Navient got a lot of media attention back in January when the Consumer Financial Protection Bureau first filed their lawsuit against them. Two states — Washington and Illinois — joined in and filed their own lawsuits soon after.

Since then, Navient has filed to get all three lawsuits dismissed. So far, two judges have rejected the dismissal requests, leaving only the judge in Illinois still deliberating. The Washington and CFPB cases will go to trial, but some people suspect that Navient will settle before that.

Why the Navient Lawsuit Matters

Navient is the largest student loan servicer with a $300 billion student loan portfolio servicing 12 million borrowers. They were on the short list for the position of sole federal student loan servicer before that competition was canceled. If the move to a single servicer is revisited, Navient will likely jump back to the top three.
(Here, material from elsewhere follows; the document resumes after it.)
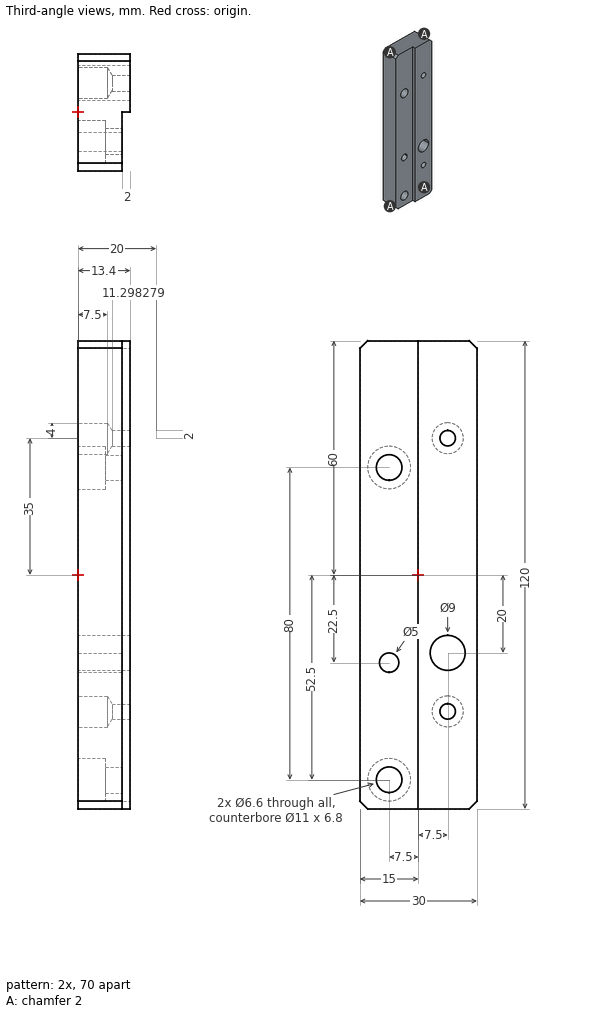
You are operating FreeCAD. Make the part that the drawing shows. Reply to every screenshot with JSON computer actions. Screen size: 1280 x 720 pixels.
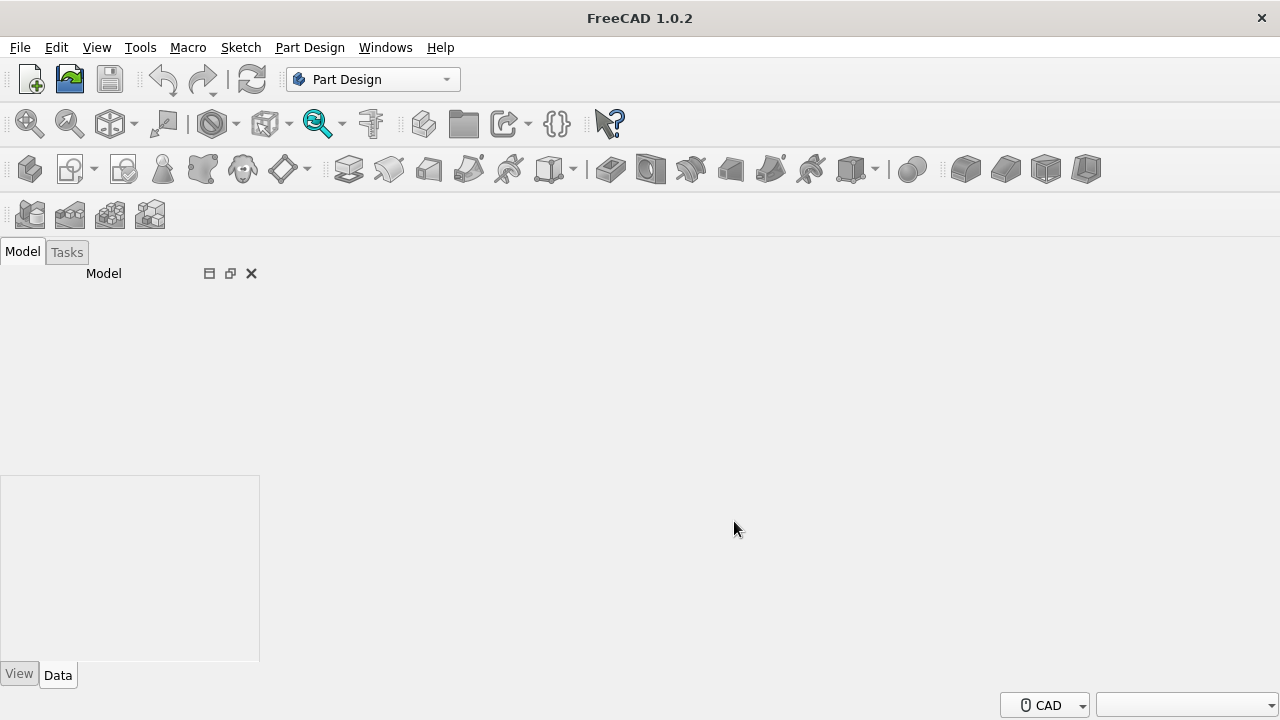
{"action": "left_click", "coordinate": [30, 80]}
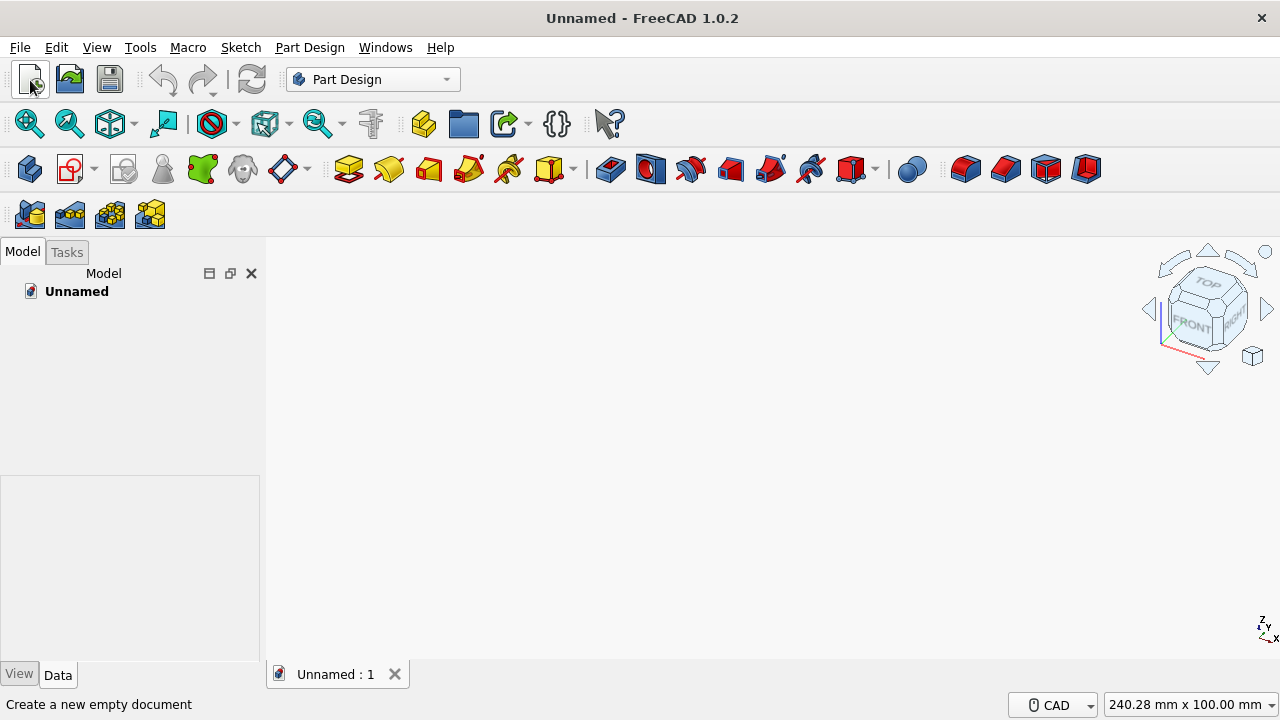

Federal student loan borrowers rely on communication and cooperation from their loan servicer. When that doesn’t happen, it jeopardizes the financial security of the more than 44 million borrowers in America. Bad advice, poor communication, and sloppy practices form the basis of the Navient lawsuit filed in January. Specifically, CFPB accused Navient of  

  • Incorrectly applying payments
  • Steering borrowers away from cost-saving repayment programs and into forbearance where interest would continue to accrue
  • Failing to effectively remind borrowers of annual deadlines to remain in cost-saving repayment plans
    • The email reminders they did send about recertification had no urgency and merely suggested that the borrower check their account for a new message.
  • Overcomplicating the process to release a co-signer
    • Releasing a co-signer requires a set amount of on-time payments; Navient systems reset that counter if the borrower paid extra to get ahead of schedule.
  • Misreported default status of veterans
    • Veteran borrowers complained that their accounts were mislabeled and reported to the credit bureaus as defaulted, harming their credit.

Recent Activity

Navient’s initial response to the lawsuit was that their duty is to collect money for the federal government, not to help consumers: “There is no expectation that the servicer will ‘act in the interest of the consumer.’”

U.S. District Judge Robert Mariani, the judge who rejected the request for dismissal of the CFPB lawsuit, pointed out that Navient’s statement directly contradicted other statements in their CEO’s blog: “At Navient, we make it a priority to educate our federal borrowers about income-driven options. … These programs are our primary tool in helping borrowers avoid default. As a result, we are a leader enrolling borrowers in these programs.”

We’re still waiting to hear whether the request for dismissal in the Illinois lawsuit will be rejected like the other two.